Advances in mathematical learning methods have led to the development of some high-dimensional classification algorithms which have been recently used in the medical sciences. The improvements in these technologies could help enhance disease identification accuracy. As a result, various classification models have been constructed for differentiating between diseases. Among these, supervised machine-learning techniques, in which a training procedure is used to create a classification model for testing, are the most-widely used (39, 40). SVM is a conventional supervised learning method that has a favorable performance for classification of high-dimensional data (41). However, it has a limitation in dealing with noisy data and, as with other supervised learning methods, is a requirement on many labeled training samples (41). On the other hand, to improve classification robustness in respect of noises, a sparse representation technique has been proposed and has been successfully applied to various classification problems (15–17). The principal addition of SRC is to represent a new sample using the least number of training samples (15). Since SRC does not contain separate training and testing stages, as in the supervised learning method, this method has no overfitting problem (17). However, the discrimination capability of SRC is lost in datasets that are distributed in the same direction (18). In this study, the SRC prototype classification method has been modified through adding the weights (WSRC) for solving some of the dataset problems and improving the classification accuracy of the system (19). As expected in theory, our experimental results showed that adding weights can enhance the performance of the SRC method. According to our results, WSRC outperformed the SRC and SVM methods in classification of pleural effusions.

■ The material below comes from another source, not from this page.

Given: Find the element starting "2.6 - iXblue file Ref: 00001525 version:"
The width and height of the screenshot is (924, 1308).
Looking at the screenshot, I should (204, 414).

A decision tree is a reliable and effective decision-making model which provides an accurate and simple representation of gathered knowledge. This model can easily be validated during the decision-making process by an expert. Therefore, decision trees are applicable in decision-making processes in medicine. In this study, the decision tree was only used for the differential diagnosis of TPE and MPE, and diagnosis of other sources of pleural effusion are based on clinical evaluations.

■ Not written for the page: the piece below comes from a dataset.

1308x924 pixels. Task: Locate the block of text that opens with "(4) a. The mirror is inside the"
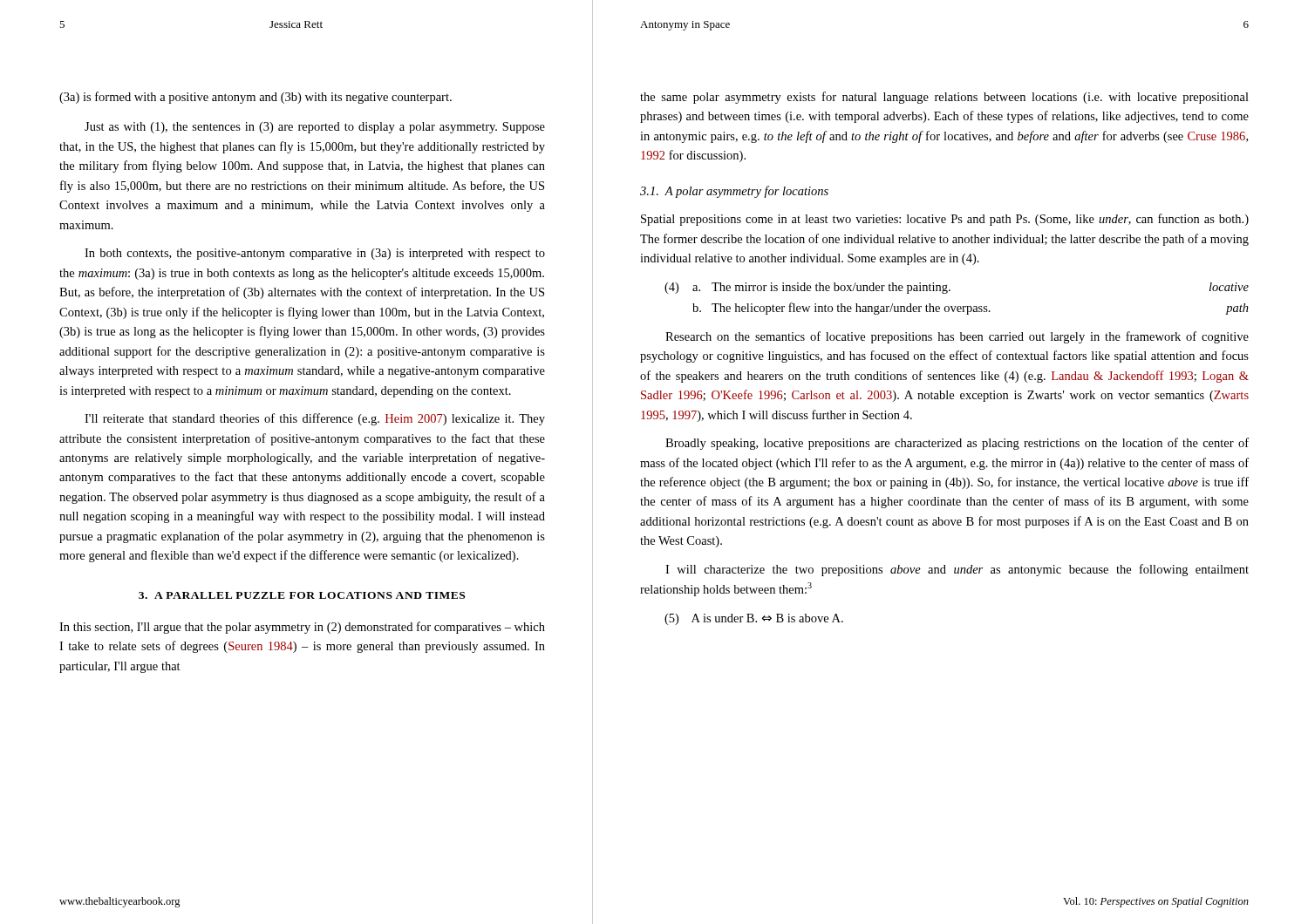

Some limitations of this study should be acknowledged. First, we differentiated only TPE and MPE patients. Although most problems occur in distinguishing between exudative effusion in these two diseases (3, 4), future investigations should consider including all causes of pleural exudate. Second, the usefulness of WSRC in differentiating TPE from MPE was not tested in real time. It is not clear how physicians would respond if WSRC could distinguish the cause of pleural effusion. Third, the present study was carried out at a single medical center. These findings must be corroborated on patients from multiple locations, using more samples.

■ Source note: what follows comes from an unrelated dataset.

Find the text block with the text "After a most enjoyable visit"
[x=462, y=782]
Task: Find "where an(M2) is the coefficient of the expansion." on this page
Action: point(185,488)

In conclusion, a decision tree and a WSRC are both novel, noninvasive, and inexpensive methods, which can provide highly effective and reliable structures useful for discrimination between TPE and MPE, based on a combination of routine pleural fluid biomarkers. The present study indicates that these applied mathematical methods can provide high diagnostic success rates to assist in the diagnoses of exudative pleural effusion in patients waiting for laboratory outcomes of pleural tissue, and for treatment planning.